Penduduk yang bermukim di tepi sungai-sungai yang berhulu di Gunung Merapi kadang mendengar suara-suara aneh di malam hari, misalnya gemerincing suara kereta kencana yang lewat. Konon merupakan pertanda bahwa Karaton Merapi sedang mengirimkan rombongan dalam rangka hajat untuk mengawinkan kerabatnya dengan salah satu penghuni Karaton Laut Kidul. Hal itu ditafsirkan sebagai pertanda mistis bahwa sebentar lagi akan terjadi banjir lahar yang akan melalui sungai itu, sehingga bagi mereka yang tahu akan segera membuat langkah-langkah pengamanan dan penyelamatan.

Tujuan dari penyelenggaraan berbagai prosesi selamatan tersebut konon adalah untuk berdoa memohon keselamatan dan kelimpahan rejeki kepada Tuhan YME serta memberi sedekah kepada makhluk halus penghuni Merapi agar tidak mengganggu penduduk, damai dan terbebas dari marabahaya, sehingga tercipta satu harmoni antara manusia dan lingkungan alam. Apabila perilaku manusia negatif maka maka alampun akan negatif pula.

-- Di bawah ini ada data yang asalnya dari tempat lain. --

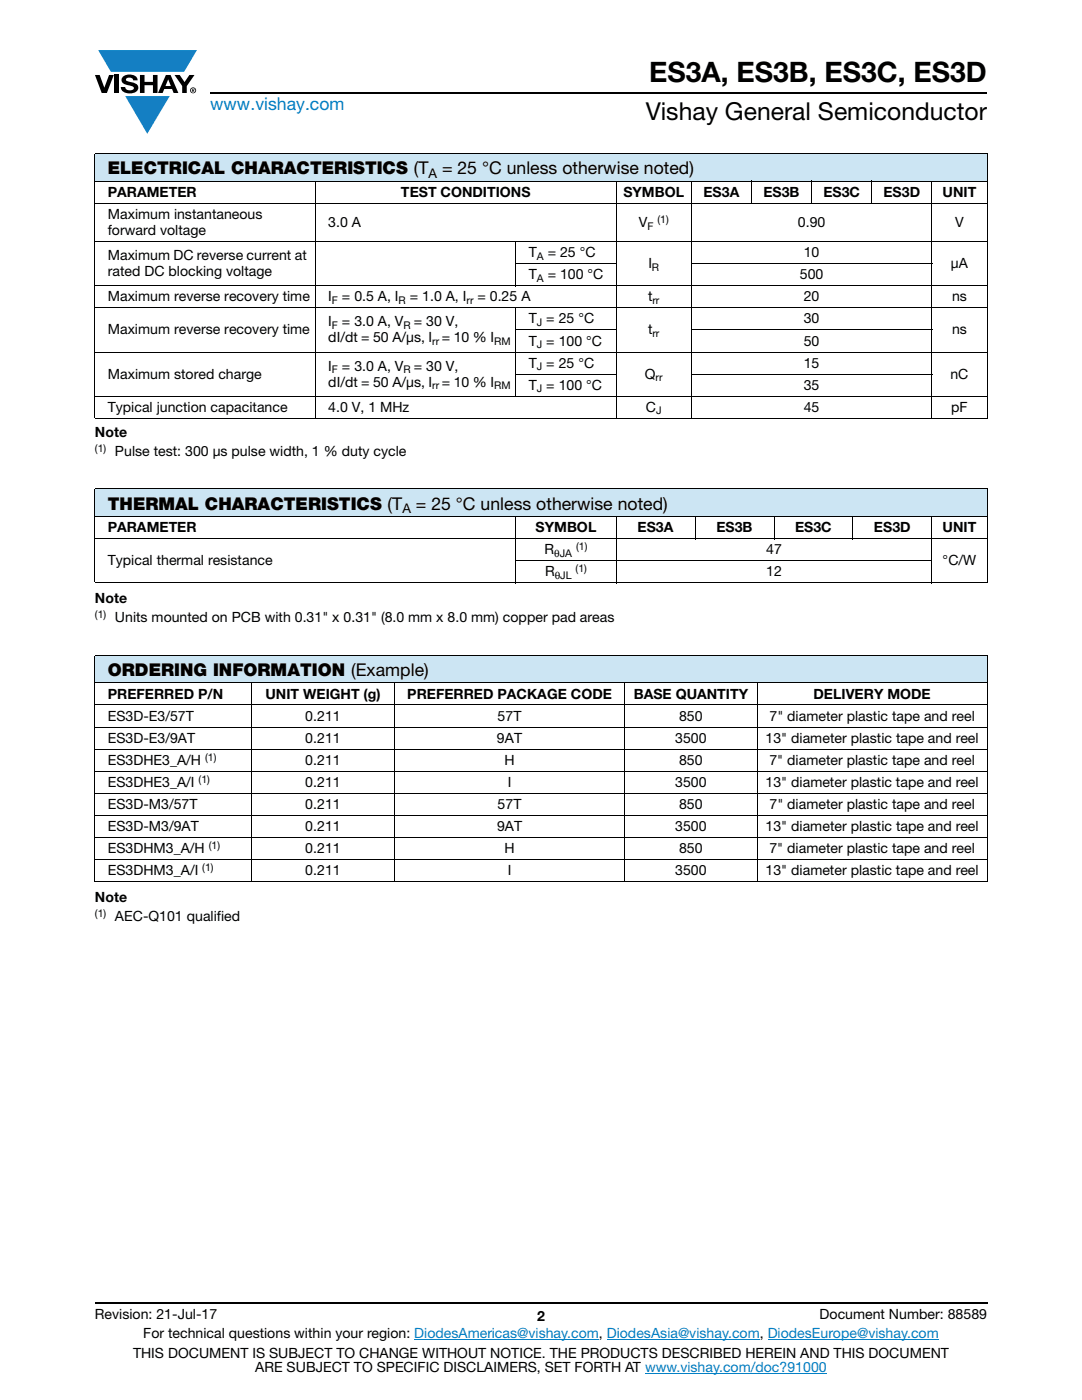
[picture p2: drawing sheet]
<svg xmlns="http://www.w3.org/2000/svg" width="216mm" height="279mm" viewBox="0 0 216 279" stroke-linecap="round" stroke-linejoin="round" font-family="sans-serif">
<defs><g id="words">
<text font-size="5.6" x="129.5" y="16.4">ES3A, ES3B, ES3C, ES3D</text>
<text font-size="4.9" x="128.8" y="24">Vishay General Semiconductor</text>
<text font-size="3.5" fill="#007ec4" x="42" y="21.9">www.vishay.com</text>
<g font-size="3.5">
<text x="21.5" y="34.8">ELECTRICAL CHARACTERISTICS (T</text>
<text x="88.2" y="34.8">= 25 °C unless otherwise noted)</text>
<text x="21.5" y="101.7">THERMAL CHARACTERISTICS (T</text>
<text x="83" y="101.7">= 25 °C unless otherwise noted)</text>
<text x="21.5" y="134.9">ORDERING INFORMATION (Example)</text>
</g>
<g font-size="2.8">
<text x="21.5" y="39.3">PARAMETER</text>
<text x="80" y="39.3">TEST CONDITIONS</text>
<text x="124.4" y="39.3">SYMBOL</text>
<text x="140.4" y="39.3">ES3A</text>
<text x="152.3" y="39.3">ES3B</text>
<text x="164.3" y="39.3">ES3C</text>
<text x="176.3" y="39.3">ES3D</text>
<text x="188.1" y="39.3">UNIT</text>
<text x="21.5" y="43.7">Maximum instantaneous</text>
<text x="21.5" y="46.9">forward voltage</text>
<text x="65.5" y="45.3">3.0 A</text>
<text x="127.4" y="45.3">V</text>
<text x="159.2" y="45.3">0.90</text>
<text x="190.6" y="45.3">V</text>
<text x="21.5" y="51.9">Maximum DC reverse current at</text>
<text x="105.5" y="51.3">T</text>
<text x="109.3" y="51.3">= 25 °C</text>
<text x="129.4" y="53.5">I</text>
<text x="160.4" y="51.3">10</text>
<text x="189.8" y="53.5">μA</text>
<text x="21.5" y="55.1">rated DC blocking voltage</text>
<text x="105.5" y="55.7">T</text>
<text x="109.3" y="55.7">= 100 °C</text>
<text x="159.6" y="55.7">500</text>
<text x="21.5" y="60.1">Maximum reverse recovery time</text>
<text x="65.5" y="65.2">I</text>
<text x="65.5" y="60.1">I</text>
<text x="68.2" y="60.1">= 0.5 A, I</text>
<text x="68.2" y="65.2">= 3.0 A, V</text>
<text x="81.8" y="60.1">= 1.0 A, I</text>
<text x="82.6" y="65.2">= 30 V,</text>
<text x="95.3" y="60.1">= 0.25 A</text>
<text x="105.5" y="64.5">T = 25 °C</text>
<text x="129.3" y="60.1">t</text>
<text x="160.4" y="60.1">20</text>
<text x="160.4" y="64.5">30</text>
<text x="190" y="60.1">ns</text>
<text x="21.5" y="66.7">Maximum reverse recovery time</text>
<text x="65.5" y="68.3">dI/dt = 50 A/μs, I = 10 % I</text>
<text x="105.5" y="69">T = 100 °C</text>
<text x="129.3" y="66.7">t</text>
<text x="160.4" y="69">50</text>
<text x="190" y="66.7">ns</text>
<text x="21.5" y="75.6">Maximum stored charge</text>
<text x="65.5" y="74">I</text>
<text x="65.5" y="77.2">dI/dt = 50 A/μs, I = 10 % I</text>
<text x="68.2" y="74">= 3.0 A, V</text>
<text x="82.6" y="74">= 30 V,</text>
<text x="105.5" y="73.4">T = 25 °C</text>
<text x="105.5" y="77.8">T = 100 °C</text>
<text x="128.7" y="75.6">Q</text>
<text x="160.4" y="77.8">35</text>
<text x="160.4" y="73.4">15</text>
<text x="189.7" y="75.6">nC</text>
<text x="21.5" y="82.2">Typical junction capacitance</text>
<text x="65.5" y="82.2">4.0 V, 1 MHz</text>
<text x="128.9" y="82.2">C</text>
<text x="160.4" y="82.2">45</text>
<text x="189.8" y="82.2">pF</text>
<text x="18.9" y="87.1">Note</text>
<text x="22.9" y="91">Pulse test: 300 μs pulse width, 1 % duty cycle</text>
<text x="21.5" y="106.2">PARAMETER</text>
<text x="106.9" y="106.2">SYMBOL</text>
<text x="127.2" y="106.2">ES3A</text>
<text x="142.9" y="106.2">ES3B</text>
<text x="158.6" y="106.2">ES3C</text>
<text x="174.4" y="106.2">ES3D</text>
<text x="188.1" y="106.2">UNIT</text>
<text x="21.5" y="112.8">Typical thermal resistance</text>
<text x="108.7" y="110.6">R</text>
<text x="152.9" y="110.6">47</text>
<text x="188.1" y="112.8">°C/W</text>
<text x="108.8" y="115">R</text>
<text x="152.9" y="115">12</text>
<text x="18.9" y="120.3">Note</text>
<text x="22.9" y="124.2">Units mounted on PCB with 0.31&quot; x 0.31&quot; (8.0 mm x 8.0 mm) copper pad areas</text>
<text x="21.5" y="139.4">PREFERRED P/N</text>
<text x="21.5" y="143.8">ES3D-E3/57T</text>
<text x="53" y="139.4">UNIT WEIGHT (g)</text>
<text x="60.9" y="143.8">0.211</text>
<text x="81.3" y="139.4">PREFERRED PACKAGE CODE</text>
<text x="99.3" y="143.8">57T</text>
<text x="126.5" y="139.4">BASE QUANTITY</text>
<text x="135.5" y="143.8">850</text>
<text x="153.5" y="143.8">7&quot; diameter plastic tape and reel</text>
<text x="162.3" y="139.4">DELIVERY MODE</text>
<text x="21.5" y="148.2">ES3D-E3/9AT</text>
<text x="60.9" y="148.2">0.211</text>
<text x="99.2" y="148.2">9AT</text>
<text x="134.7" y="148.2">3500</text>
<text x="152.8" y="148.2">13&quot; diameter plastic tape and reel</text>
<text x="21.5" y="152.6">ES3DHE3_A/H</text>
<text x="60.9" y="152.6">0.211</text>
<text x="100.7" y="152.6">H</text>
<text x="135.5" y="152.6">850</text>
<text x="153.5" y="152.6">7&quot; diameter plastic tape and reel</text>
<text x="21.5" y="157">ES3DHE3_A/I</text>
<text x="21.5" y="161.4">ES3D-M3/57T</text>
<text x="60.9" y="157">0.211</text>
<text x="60.9" y="161.4">0.211</text>
<text x="99.3" y="161.4">57T</text>
<text x="101.3" y="157">I</text>
<text x="134.7" y="157">3500</text>
<text x="135.5" y="161.4">850</text>
<text x="152.8" y="157">13&quot; diameter plastic tape and reel</text>
<text x="153.5" y="161.4">7&quot; diameter plastic tape and reel</text>
<text x="21.5" y="165.9">ES3D-M3/9AT</text>
<text x="60.9" y="165.9">0.211</text>
<text x="99.2" y="165.9">9AT</text>
<text x="134.7" y="165.9">3500</text>
<text x="152.8" y="165.9">13&quot; diameter plastic tape and reel</text>
<text x="21.5" y="170.3">ES3DHM3_A/H</text>
<text x="60.9" y="170.3">0.211</text>
<text x="100.7" y="170.3">H</text>
<text x="135.5" y="170.3">850</text>
<text x="153.5" y="170.3">7&quot; diameter plastic tape and reel</text>
<text x="18.9" y="180">Note</text>
<text x="21.5" y="174.7">ES3DHM3_A/I</text>
<text x="60.9" y="174.7">0.211</text>
<text x="101.3" y="174.7">I</text>
<text x="134.7" y="174.7">3500</text>
<text x="152.8" y="174.7">13&quot; diameter plastic tape and reel</text>
<text x="22.9" y="183.9">AEC-Q101 qualified</text>
<text x="18.9" y="263.3">Revision: 21-Jul-17</text>
<text x="107.2" y="263.6">2</text>
<text x="163.6" y="263.3">Document Number: 88589</text>
<text x="28.6" y="267.1">For technical questions within your region: DiodesAmericas@vishay.com, DiodesAsia@vishay.com, DiodesEurope@vishay.com</text>
<text x="26.5" y="271">THIS DOCUMENT IS SUBJECT TO CHANGE WITHOUT NOTICE. THE PRODUCTS DESCRIBED HEREIN AND THIS DOCUMENT</text>
<text x="50.9" y="273.8">ARE SUBJECT TO SPECIFIC DISCLAIMERS, SET FORTH AT www.vishay.com/doc?91000</text>
</g>
<g font-size="2.6">
<text x="85.5" y="35.5">A</text>
<text x="80.3" y="102.3">A</text>
</g>
<g font-size="2.1">
<text x="129.2" y="45.8">F</text>
<text x="131.2" y="44.5">(1)</text>
<text x="107.1" y="51.8">A</text>
<text x="107.1" y="56.2">A</text>
<text x="130.1" y="54">R</text>
<text x="66.2" y="60.6">F</text>
<text x="66.2" y="65.7">F</text>
<text x="79.5" y="60.6">R</text>
<text x="80.5" y="65.7">R</text>
<text x="93.1" y="60.6">rr</text>
<text x="107.1" y="65">J</text>
<text x="130.2" y="60.6">rr</text>
<text x="86.2" y="68.8">rr</text>
<text x="98.6" y="68.8">RM</text>
<text x="107.1" y="69.5">J</text>
<text x="130.2" y="67.2">rr</text>
<text x="66.2" y="74.5">F</text>
<text x="80.5" y="74.5">R</text>
<text x="86.2" y="77.7">rr</text>
<text x="98.6" y="77.7">RM</text>
<text x="107.1" y="73.9">J</text>
<text x="130.8" y="76.1">rr</text>
<text x="107.1" y="78.3">J</text>
<text x="130.9" y="82.7">J</text>
<text x="18.9" y="90.1">(1)</text>
<text x="110.6" y="111.1">θJA</text>
<text x="115" y="109.8">(1)</text>
<text x="110.7" y="115.5">θJL</text>
<text x="114.9" y="114.2">(1)</text>
<text x="18.9" y="123.4">(1)</text>
<text x="40.9" y="151.8">(1)</text>
<text x="39.6" y="156.2">(1)</text>
<text x="40.4" y="173.8">(1)</text>
<text x="41.7" y="169.4">(1)</text>
<text x="18.9" y="183">(1)</text>
</g>
</g></defs>
<g fill="#147fc3">
<path d="M19.6 10h19.7l-2.6 4.3h-1.1h-13.5z"/>
<path d="M25 19.2h8.9l-4.5 7.5z"/>
</g>
<g fill="#000">
<path d="M18.9 15h1l.9 2.5 1-2.5h.9l-1.4 3.6h-1zM22.9 15h.9v3.6h-.9zM24.6 15.3a2.1 2.1 0 0 1 2.8 .3l.1 .4h-.9a.79 .79 0 0 0-.7-.5 .79 .79 0 0 0-.8 .4l.3 .3 1 .2a1.08 1.08 0 0 1 1.2 1 1.08 1.08 0 0 1-1.1 1.2 1.73 1.73 0 0 1-2.4-1.2h.9a.96 .96 0 0 0 .8 .6 .96 .96 0 0 0 .9-.4 1.31 1.31 0 0 0-1.2-.6 1.03 1.03 0 0 1-1.1-.6 1.03 1.03 0 0 1 .2-1.1zM27.9 15h.9v1.3h1.7v-1.3h.9v3.6h-.9v-1.6h-1.7v1.6h-.9zM34.8 15h1.1l.9 1.4 1-1.4h1l-1.5 2.2v1.4h-.9v-1.4z"/>
<path d="M33.6 15.9l.5 1.3h-1.1zM33.1 15l-1.6 3.6h1l.3-.8h1.5l.3 .8h1l-1.6-3.6z"/>
<path d="M38.4 17.8h.2v.2h-.2zM38.3 17.7v.7h.1v-.3l.4 .3-.2-.3 .2-.2-.1-.2z"/>
<path d="M38.1 18a.46 .46 0 0 1 .9 0 .46 .46 0 0 1-.9 0zM37.9 18a.6 .6 0 0 0 1.2 0 .6 .6 0 0 0-1.2 0z"/>
</g>
<path d="M42 18.6h155M18.9 260h178.1" fill="none" stroke="#000" stroke-width=".36"/>
<path d="M82.7 267.3h36.8M121.1 267.3h30.5M128.7 274h36.3M153.2 267.3h34.1" fill="none" stroke="#007ec4" stroke-width=".2"/>
<g fill="#cce5f3">
<path d="M18.9 30.7h178.1v5.5h-178.1z"/>
<path d="M18.9 97.6h178.1v5.5h-178.1z"/>
<path d="M18.9 130.8h178.1v5.5h-178.1z"/>
</g>
<g fill="none" stroke="#000" stroke-width=".2">
<path d="M18.9 30.7h178.1M18.9 36.2h178.1M18.9 30.8v52.6M62.9 36.1v47.5M123 36.1v47.5M137.9 36.1v47.5M149.9 36.1v4.6M161.9 36.1v4.6M173.9 36.1v4.6M185.9 36.1v47.5M197 30.8v52.6M18.9 40.6h178.1"/>
<path d="M18.9 48.2h178.1M18.9 57h178.1M102.9 52.6h20.1M103 48.1v9M137.9 52.6h48.1M18.9 61.4h178.1M18.9 70.3h178.1M18.9 79.1h178.1M102.9 65.8h20.1M102.9 74.7h20.1M103 61.3v17.9M137.9 65.8h48.1"/>
<path d="M137.9 74.7h48.1M18.9 83.5h178.1M18.9 97.6h178.1M18.9 97.7v18.5M197 97.7v18.5M18.9 103.1h178.1M18.9 107.5h178.1M18.9 116.3h178.1M102.9 111.9h83.1M103 103v13.4M123 103v13.4M138.7 103v4.6"/>
<path d="M154.5 103v4.6M170.2 103v4.6M185.9 103v13.4M18.9 130.8h178.1M18.9 136.3h178.1M18.9 130.9v45M50.2 136.2v39.9M78.7 136.2v39.9M124.6 136.2v39.9M151.1 136.2v39.9M197 130.9v45M18.9 140.7h178.1"/>
<path d="M18.9 145.1h178.1M18.9 149.5h178.1M18.9 153.9h178.1M18.9 158.3h178.1M18.9 162.8h178.1M18.9 167.2h178.1M18.9 171.6h178.1M18.9 176h178.1"/>
</g>
<use href="#words"/>
</svg>

Konsep keseimbangan yang menjadi kearifan penduduk sekitar Gunung Merapi merupakan implementasi dari nilai-nilai yang mereka percaya bahwa para penghuni akan murka ketika menyimpang dari kaidah-kaidah alam yang benar dan seimbang. Letak harmoninya tidak saja terletak pada sesaji yang disediakan namun pada perilaku yang selalu diusahakan untuk tidak nyebal (menyimpang) dari kaidah-kaidah keseimbangan alam, yang selalu selaras serasi dan seimbang untuk menjaga keutuhan ekosistem.